In Freemasonry we have no enemy — there is no collective bad guy, there's nothing nasty that we, as a group, aim at. Instead, we all have positive goals and aspirations to aim towards — a lodge raising a certain sum of money together for a certain project, that sort of thing. Ten Pounds would say that if your lodge has ever had a disagreement with your grand master, for a month or two your lodge has never been closer — everyone has a collective negative target, that sort of thing. When everyone's just ticking along nicely, with past masters just rotating through the chairs (as we are seeing far too often in England) small bickering and arguments break out, over absolutely nothing — and the next thing you know, someone has resigned from the lodge. It's a great shame.
But more than that though, the "struggle" of Freemasonry is not an external struggle — it is an internal struggle with oneself struggling against his inner demons — to control his passions, to lead a better, more moral life. When we are only fighting ourselves, it is very easy to get wrapped up in that struggle — and so become disjointed from our brothers (who all have their own private battles).

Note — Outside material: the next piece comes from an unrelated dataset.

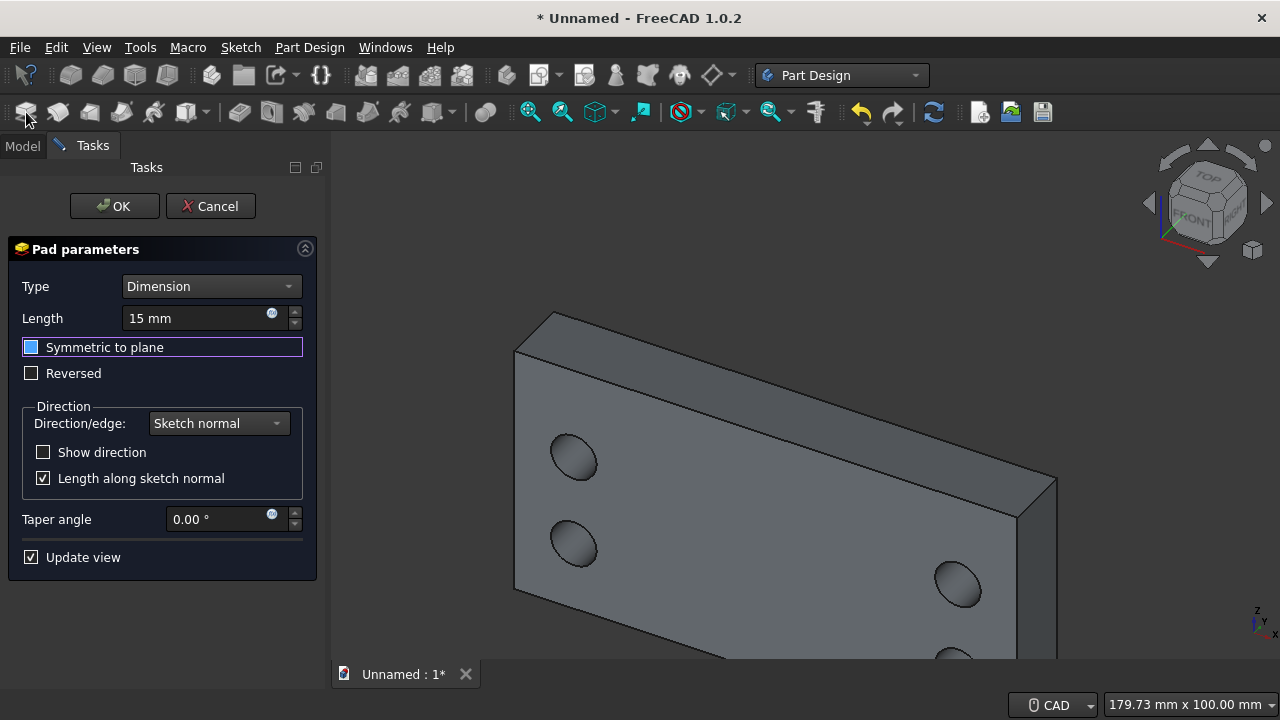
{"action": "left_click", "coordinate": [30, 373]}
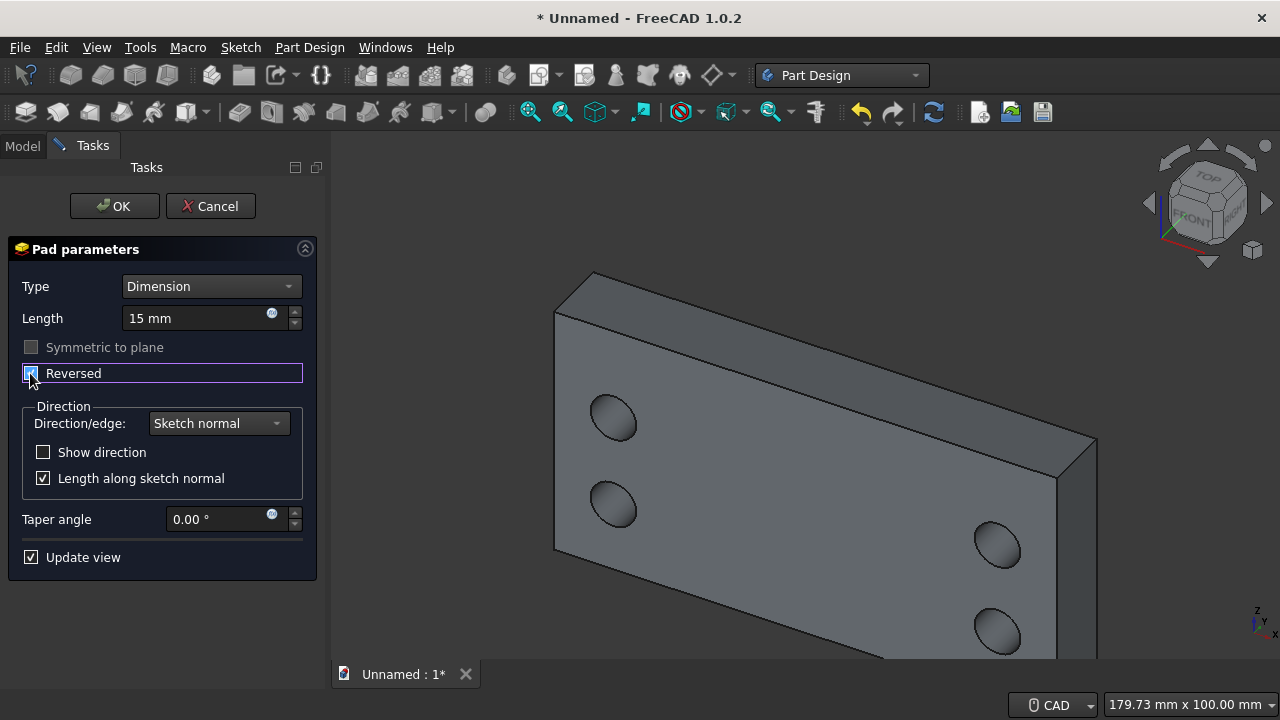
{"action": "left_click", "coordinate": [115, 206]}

When those private battles project themselves onto the Internet, as I said earlier, because of differences in custom, of understanding, of all sorts, it's very easy to see why everything suddenly can blow up in the way it does. I suppose I'm quite lucky in that the readership of The Chequered Carpet is still very small, and so I don't see the blogwars that we so often see on The Burning Taper — but I feel immensely privileged to have somewhere like the BT that I can come and see the views of my brethren from across the pond, and all over the world.
I would crave one thing though — one thing that could never, ever, be attained — there will be arguments online. Lots of them. There will be disagreements. Lots of them. People will fly off the handle and (at times) become parodies of themselves. As I'm sure my other brothers in this project have said, people are very different online to who they are in person. That is no fault of that person — it's a fault of the Internet. By putting a screen name up, or whatever, or just seeing someone's whole personality as words on a screen, we immediately dehumanise them. And we become angry at the things they say, because we don't understand them, and (at times) we reply with certain levels of bile and vitriol. No one, hopefully, is blaming us or judging us when we do this — but I know we'd all love it if we could stop. We just can't.
So, here's my plea: when you read something that you disagree with, feel free to let the red mist descend, and post some glib comment in return — be angry at the internet persona, disagree with and ridicule the nickname — but try your best to remember that behind that nickname lies a real person. A real, breathing person. Do not dislike that person — you have never met them. To steal a quote you often hear on very bad reality TV shows: "Don't hate the player, hate the game."